With college seniors facing one of the worst job markets in recent memory and downsized professionals scrambling to plan their futures, graduate schools across the United States have seen applications soar. But such institutions of higher learning – whose schools of government and public policy have seen some of the most drastic growth in applications, according to The New York Times – are not alone in expanding their rosters; joining them are Jewish yeshivas and seminaries, whose spiritual atmospheres are appealing to a generation finding its place in a world in crisis.
At Jerusalem’s Mayanot Institute of Jewish Studies, a Chabad-Lubavitch educational center designed for people who did not necessarily grow up with formal Jewish instruction, officials have been poring over a substantially larger pool of applicants, among those an increased number of students deferring enrollment to graduate school.
Jared Goldfarb, who completed his finance undergraduate degree at Ohio State University in January and plans on attending Mayanot in the fall, noticed a change among his classmates’ plans for next year.
“People are asking more questions [because of the economy] but the shock has not been severe enough to alter things completely,” reported Goldfarb. “There is a bit of a trend, though, away from materialism and towards other things, including Judaism.”
Goldfarb, who is currently wrapping up a spring semester spent studying at a Chabad-Lubavitch yeshiva in Cinncinati, said that even high school students are seeking spiritual answers for problems in the world today.
“A local private high school asked me to give a class on ‘Kabbalah of the Market Crash’ at their Jewish Club,” he related. “Their chemistry teacher mentioned to me the following week that the students had been talking about the class afterwards and were really into it.”
Beyond the Material
Some of the fastest growth at Mayanot can be seen in its women’s program in Jerusalem’s Katamon neighborhood, where 40 students currently study. The institute expects to enroll 70 women this summer, more than a 50 percent increase.
The men’s program, meanwhile, expects 95 students to enroll in its English and Spanish-language divisions this summer, an increase of 25 students over the previous year.
And the applications for next year’s programs continue to pour in, said Rabbi Chaim Moss.
“Every day, we are receiving new applications for the fall,” he said from the men’s study hall in the Mekor Baruch section of Jerusalem. “We will probably take approximately another 30 students.”
“For sure the situation in the world has set people thinking, and it is natural for a Jew to turn to Jewish tradition,” said staff member Chaim Shalom Kerity, who attended Mayanot. “It isn’t about finding easy answers; it is about realizing that material pursuits aren’t everything.”
Chaya Goodman, a 28-year-old American who finished her first year of study at Mayanot this past December, praised the institute for allowing her “to keep the integrity of where I was coming from. No one ever excluded me because I had questions.”
The emphasis on building skills and independent study, she said, is aimed at empowering students to research and think through possible answers to the questions they bring with them.
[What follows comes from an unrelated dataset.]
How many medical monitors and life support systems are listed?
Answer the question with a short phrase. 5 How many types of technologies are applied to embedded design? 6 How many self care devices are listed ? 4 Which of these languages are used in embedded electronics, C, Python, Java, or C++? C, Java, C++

Lectures give students a feel for the theosophical approach of Chabad Chasidic thought, while other aspects of the curriculum concentrate on in-depth study of Jewish Law, beginning with the Mishna.
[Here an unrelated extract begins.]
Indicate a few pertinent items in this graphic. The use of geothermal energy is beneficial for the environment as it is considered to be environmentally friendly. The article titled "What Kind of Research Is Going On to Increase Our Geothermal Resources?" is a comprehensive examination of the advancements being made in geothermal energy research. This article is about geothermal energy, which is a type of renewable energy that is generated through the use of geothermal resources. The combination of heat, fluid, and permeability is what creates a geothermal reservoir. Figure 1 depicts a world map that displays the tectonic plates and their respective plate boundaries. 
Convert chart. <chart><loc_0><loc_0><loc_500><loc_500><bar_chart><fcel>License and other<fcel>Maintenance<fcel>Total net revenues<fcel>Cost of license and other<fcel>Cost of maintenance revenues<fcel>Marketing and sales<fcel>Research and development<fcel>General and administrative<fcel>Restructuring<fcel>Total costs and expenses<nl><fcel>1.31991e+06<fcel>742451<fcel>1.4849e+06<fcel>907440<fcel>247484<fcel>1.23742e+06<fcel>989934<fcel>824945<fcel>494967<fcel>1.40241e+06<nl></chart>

David Dresher, who took a year off before law school to study at Mayanot, said that the goal of enabling students to explore the texts themselves is a primary reason why students who are searching for deeper answers to spiritual questions choose to attend.
“The yeshiva isn’t telling us how to think,” he said, “but instead, they are giving us the tools to analyze texts and to be able to understand the deepest concepts in Chasidic thought. People leave here knowing how to continue learning.”